NWA has said it is considering all possible alternatives for its future, including a sale or a restructuring that could include a special payoff to shareholders. It has set a Tuesday deadline on offers to buy the company.

A marketing partnership with a foreign carrier--which could result from an equity investment--could help New York-based Pan Am by providing it with foreign passengers to feed into the domestic route system of its principal subsidiary, Pan American World Airways.

Last October, Texas Air reached a marketing agreement with Scandinavian Airlines System that gave SAS the right to buy 10% of Texas Air’s stock.

A spokesman for KLM could not be reached Thursday to comment on a possible deal with Pan Am. A spokesman for Cathay Pacific said he was not aware of any serious discussions.
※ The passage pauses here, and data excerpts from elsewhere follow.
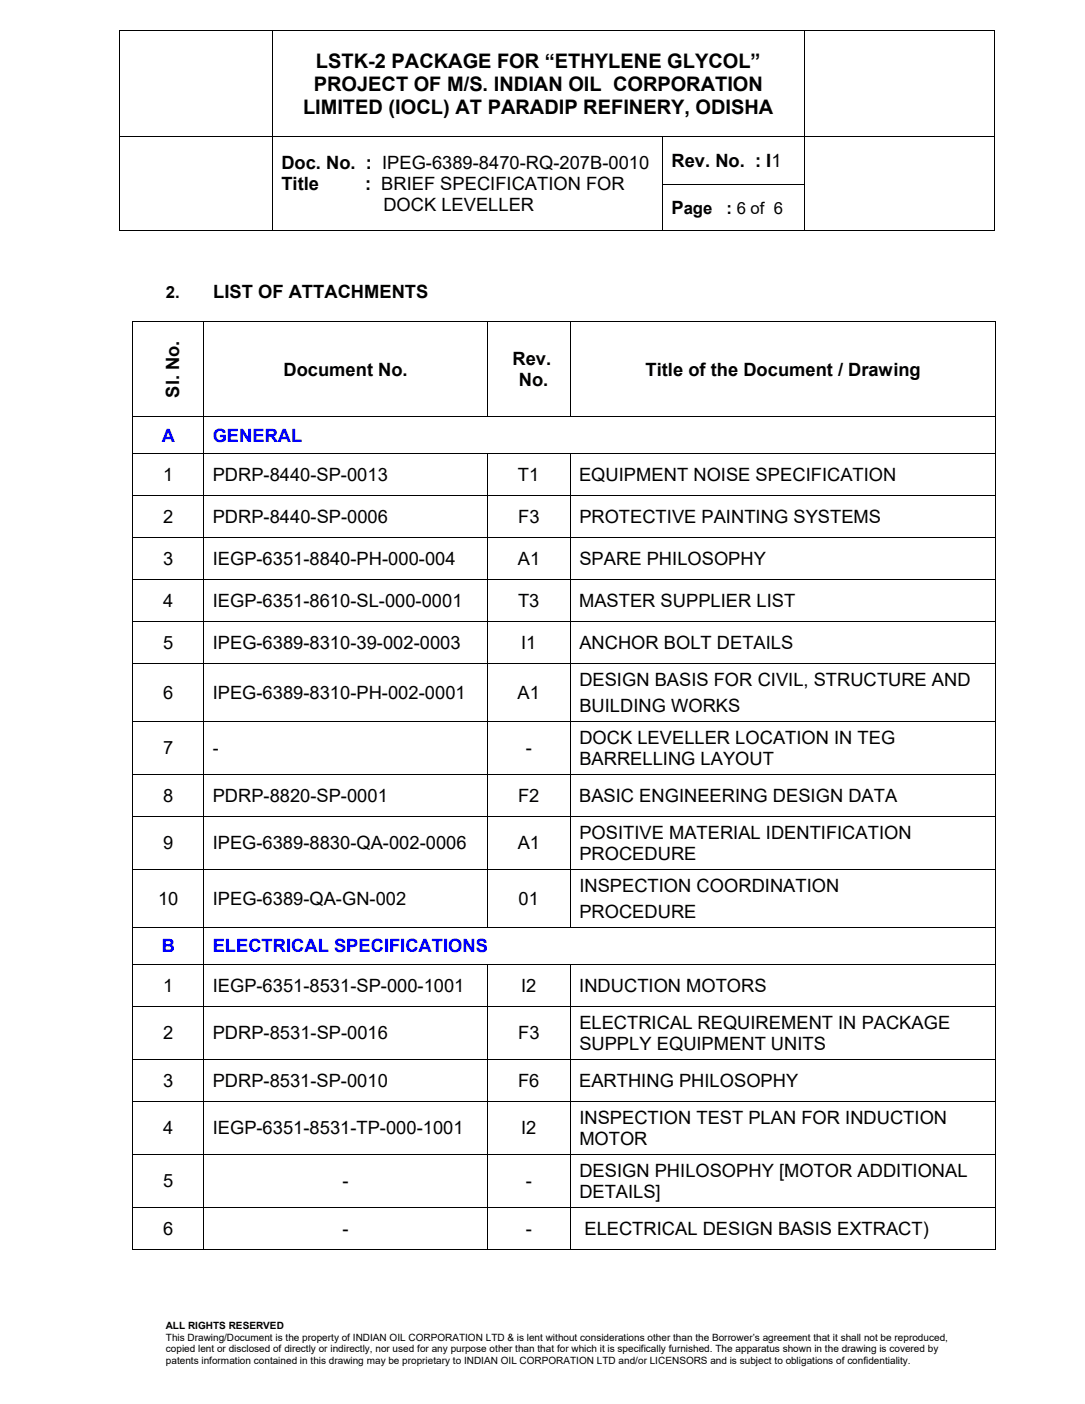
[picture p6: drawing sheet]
<svg xmlns="http://www.w3.org/2000/svg" width="216mm" height="279mm" viewBox="0 0 216 279" stroke-linecap="round" stroke-linejoin="round" font-family="sans-serif">
<defs><g id="words">
<g font-size="4">
<text x="62.9" y="13.5">LSTK-2 PACKAGE FOR “ETHYLENE GLYCOL”</text>
<text x="60.3" y="22.6">LIMITED (IOCL) AT PARADIP REFINERY, ODISHA</text>
<text x="62.4" y="18.1">PROJECT OF M/S. INDIAN OIL CORPORATION</text>
</g>
<g font-size="3.6">
<text x="56" y="33.6">Doc. No. : IPEG-6389-8470-RQ-207B-0010</text>
<text x="133.6" y="33.2">Rev. No. : I1</text>
<text x="56" y="37.8">Title</text>
<text x="72.6" y="37.8">: BRIEF SPECIFICATION FOR</text>
<text x="76.3" y="42">DOCK LEVELLER</text>
<text x="133.6" y="42.6">Page</text>
<text x="42.4" y="59.2">LIST OF ATTACHMENTS</text>
<text x="56.4" y="74.7">Document No.</text>
<text x="102" y="72.6">Rev.</text>
<text x="103.2" y="76.8">No.</text>
<text x="128.5" y="74.7">Title of the Document / Drawing</text>
<text x="35.6" y="79.1" transform="rotate(-90 35.6 79.1)">Sl. No.</text>
<text x="32.5" y="95.8">1</text>
<text x="42.3" y="95.8">PDRP-8440-SP-0013</text>
<text x="103.1" y="95.8">T1</text>
<text x="115.3" y="95.8">EQUIPMENT NOISE SPECIFICATION</text>
<text x="32.5" y="104.1">2</text>
<text x="42.3" y="104.1">PDRP-8440-SP-0006</text>
<text x="103.1" y="104.1">F3</text>
<text x="115.3" y="104.1">PROTECTIVE PAINTING SYSTEMS</text>
<text x="32.5" y="112.4">3</text>
<text x="42.3" y="112.4">IEGP-6351-8840-PH-000-004</text>
<text x="103" y="112.4">A1</text>
<text x="115.3" y="112.4">SPARE PHILOSOPHY</text>
<text x="32.5" y="120.8">4</text>
<text x="42.3" y="120.8">IEGP-6351-8610-SL-000-0001</text>
<text x="103.1" y="120.8">T3</text>
<text x="115.3" y="120.8">MASTER SUPPLIER LIST</text>
<text x="32.5" y="129.1">5</text>
<text x="42.3" y="129.1">IPEG-6389-8310-39-002-0003</text>
<text x="103.7" y="129.1">I1</text>
<text x="115.3" y="129.1">ANCHOR BOLT DETAILS</text>
<text x="115.3" y="136.5">DESIGN BASIS FOR CIVIL, STRUCTURE AND</text>
<text x="32.5" y="139.1">6</text>
<text x="42.3" y="139.1">IPEG-6389-8310-PH-002-0001</text>
<text x="103" y="139.1">A1</text>
<text x="115.3" y="141.7">BUILDING WORKS</text>
<text x="115.3" y="148">DOCK LEVELLER LOCATION IN TEG</text>
<text x="32.5" y="150.1">7</text>
<text x="104.6" y="150.1">-</text>
<text x="115.3" y="152.2">BARRELLING LAYOUT</text>
<text x="32.5" y="159.6">8</text>
<text x="42.3" y="159.6">PDRP-8820-SP-0001</text>
<text x="103.1" y="159.6">F2</text>
<text x="115.3" y="159.6">BASIC ENGINEERING DESIGN DATA</text>
<text x="115.3" y="166.9">POSITIVE MATERIAL IDENTIFICATION</text>
<text x="32.5" y="169">9</text>
<text x="42.3" y="169">IPEG-6389-8830-QA-002-0006</text>
<text x="103" y="169">A1</text>
<text x="115.3" y="171.1">PROCEDURE</text>
<text x="115.3" y="177.5">INSPECTION COORDINATION</text>
<text x="31.5" y="180.1">10</text>
<text x="42.3" y="180.1">IPEG-6389-QA-GN-002</text>
<text x="103.2" y="180.1">01</text>
<text x="115.3" y="182.7">PROCEDURE</text>
<text x="32.5" y="197.4">1</text>
<text x="42.3" y="197.4">IEGP-6351-8531-SP-000-1001</text>
<text x="103.7" y="197.4">I2</text>
<text x="115.3" y="197.4">INDUCTION MOTORS</text>
<text x="32.5" y="206.8">2</text>
<text x="42.3" y="206.8">PDRP-8531-SP-0016</text>
<text x="103.1" y="206.8">F3</text>
<text x="115.3" y="204.7">ELECTRICAL REQUIREMENT IN PACKAGE</text>
<text x="115.3" y="208.9">SUPPLY EQUIPMENT UNITS</text>
<text x="32.5" y="216.3">3</text>
<text x="42.3" y="216.3">PDRP-8531-SP-0010</text>
<text x="103.1" y="216.3">F6</text>
<text x="115.3" y="216.3">EARTHING PHILOSOPHY</text>
<text x="32.5" y="225.7">4</text>
<text x="42.3" y="225.7">IEGP-6351-8531-TP-000-1001</text>
<text x="103.7" y="225.7">I2</text>
<text x="115.3" y="223.6">INSPECTION TEST PLAN FOR INDUCTION</text>
<text x="115.3" y="227.8">MOTOR</text>
<text x="32.5" y="236.3">5</text>
<text x="68.2" y="236.3">-</text>
<text x="104.6" y="236.3">-</text>
<text x="115.3" y="234.2">DESIGN PHILOSOPHY [MOTOR ADDITIONAL</text>
<text x="115.3" y="238.4">DETAILS]</text>
<text x="32.5" y="245.7">6</text>
<text x="68.2" y="245.7">-</text>
<text x="104.6" y="245.7">-</text>
<text x="116.3" y="245.7">ELECTRICAL DESIGN BASIS EXTRACT)</text>
</g>
<g font-size="3.6" fill="#00f">
<text x="32.2" y="87.9">A</text>
<text x="42.3" y="87.9">GENERAL</text>
<text x="32.2" y="189.5">B</text>
<text x="42.3" y="189.5">ELECTRICAL SPECIFICATIONS</text>
</g>
<text font-size="3.5" x="42.3" y="150">-</text>
<g font-size="3.3">
<text x="144.6" y="42.6">: 6 of 6</text>
<text x="33" y="59.2">2.</text>
</g>
<g font-size="2">
<text x="33" y="264.5">ALL RIGHTS RESERVED</text>
<text x="33" y="266.8">This Drawing/Document is the property of INDIAN OIL CORPORATION LTD &amp; is lent without considerations other than the Borrower’s agreement that it shall not be reproduced,</text>
<text x="33" y="269.1">copied lent or disclosed of directly or indirectly, nor used for any purpose other than that for which it is specifically furnished. The apparatus shown in the drawing is covered by</text>
<text x="33" y="271.4">patents information contained in this drawing may be proprietary to INDIAN OIL CORPORATION LTD and/or LICENSORS and is subject to obligations of confidentiality.</text>
</g>
</g></defs>
<path d="M23.8 6h.2v.1h-.2zM197.9 6h.2v.1h-.2zM23.8 36.6h.2v.2h-.2zM54.1 36.6h.2v.2h-.2zM197.9 36.6h.2v.2h-.2zM197.9 45.8h.2v.1h-.2zM26.4 63.9h.1v.1h-.1zM198.1 63.9h.1v.1h-.1zM198.1 248.5h.1v.2h-.1z" fill="#000"/>
<g fill="none" stroke="#000" stroke-width=".2">
<path d="M23.8 6.1h174.3M23.9 6.1v21M54.2 6.1v21M160.1 6.1v21M198 6.1v21M23.8 27.2h174.3M23.9 27.3v9.3M23.9 36.8v9.1M54.2 27.3v9.3M54.2 36.8v9.1M131.8 36.7h28.3M131.8 27.3v9.3"/>
<path d="M131.8 36.8v9.1M160.1 27.3v9.3M160.1 36.8v9.1M198 27.3v9.3M198 36.8v9.1M23.8 45.8h30.3M54.3 45.8h77.5M131.9 45.8h28.1M160.1 45.8h37.8M26.4 63.9h171.8M26.4 64v18.8M40.5 64v18.8"/>
<path d="M97 64v18.8M113.5 64v18.8M198.2 64v18.8M26.4 82.9h171.8M26.4 90.3h171.8M26.4 98.6h171.8M26.4 83v7.2M26.4 90.3v8.2M26.4 98.7v8.2M40.5 83v7.2M40.5 90.3v8.2M40.5 98.7v8.2"/>
<path d="M97 90.3v8.2M97 98.7v8.2M113.5 90.3v8.2M113.5 98.7v8.2M198.2 83v7.2M198.2 90.3v8.2M198.2 98.7v8.2M26.4 107h171.8M26.4 115.3h171.8M26.4 107v8.2M26.4 115.4v8.2M40.5 107v8.2"/>
<path d="M40.5 115.4v8.2M97 107v8.2M97 115.4v8.2M113.5 107v8.2M113.5 115.4v8.2M198.2 107v8.2M198.2 115.4v8.2M26.4 123.6h171.8M26.4 132h171.8M26.4 123.7v8.2M26.4 132.1v11.4M40.5 123.7v8.2"/>
<path d="M40.5 132.1v11.4M97 123.7v8.2M97 132.1v11.4M113.5 123.7v8.2M113.5 132.1v11.4M198.2 123.7v8.2M198.2 132.1v11.4M26.4 143.5h171.8M26.4 154.1h171.8M26.4 143.6v10.4M26.4 154.2v8.2M40.5 143.6v10.4"/>
<path d="M40.5 154.2v8.2M97 143.6v10.4M97 154.2v8.2M113.5 143.6v10.4M113.5 154.2v8.2M198.2 143.6v10.4M198.2 154.2v8.2M26.4 162.4h171.8M26.4 173h171.8M26.4 162.5v10.4M26.4 173.1v11.4M40.5 162.5v10.4"/>
<path d="M40.5 173.1v11.4M97 162.5v10.4M97 173.1v11.4M113.5 162.5v10.4M113.5 173.1v11.4M198.2 162.5v10.4M198.2 173.1v11.4M26.4 184.5h171.8M26.4 191.9h171.8M26.4 184.6v7.2M26.4 192v8.1M40.5 184.6v7.2"/>
<path d="M40.5 192v8.1M97 192v8.1M113.5 192v8.1M198.2 184.6v7.2M198.2 192v8.1M26.4 200.2h171.8M26.4 210.8h171.8M26.4 219.1h171.8M26.4 200.3v10.4M26.4 210.9v8.2M26.4 219.2v10.4M40.5 200.3v10.4"/>
<path d="M40.5 210.9v8.2M40.5 219.2v10.4M97 200.3v10.4M97 210.9v8.2M97 219.2v10.4M113.5 200.3v10.4M113.5 210.9v8.2M113.5 219.2v10.4M198.2 200.3v10.4M198.2 210.9v8.2M198.2 219.2v10.4M26.4 229.7h171.8"/>
<path d="M26.4 229.8v10.4M40.5 229.8v10.4M97 229.8v10.4M113.5 229.8v10.4M198.2 229.8v10.4M26.4 240.2h171.8M26.4 248.6h14.1M26.4 240.3v8.4M40.5 240.3v8.4M40.6 248.6h56.3M97 240.3v8.4M97.1 248.6h16.3"/>
<path d="M113.5 240.3v8.4M113.6 248.6h84.5M198.2 240.3v8.4"/>
</g>
<use href="#words"/>
</svg>

Plaskett said Pan Am is prepared to submit a bid by Tuesday for NWA, which has its headquarters in Eagan, Minn. He said Pan Am’s bid would be all cash but declined to provide other details.

Financial sources said Plaskett told institutional investors at a lunch meeting at the Sheraton Grande that Pan Am is exploring a bid in the range of $100 to $120 a share. Pan Am is looking for $1.6 billion in temporary--or bridge--financing to help pay NWA until permanent financing can be arranged by its financial adviser, Prudential-Bache.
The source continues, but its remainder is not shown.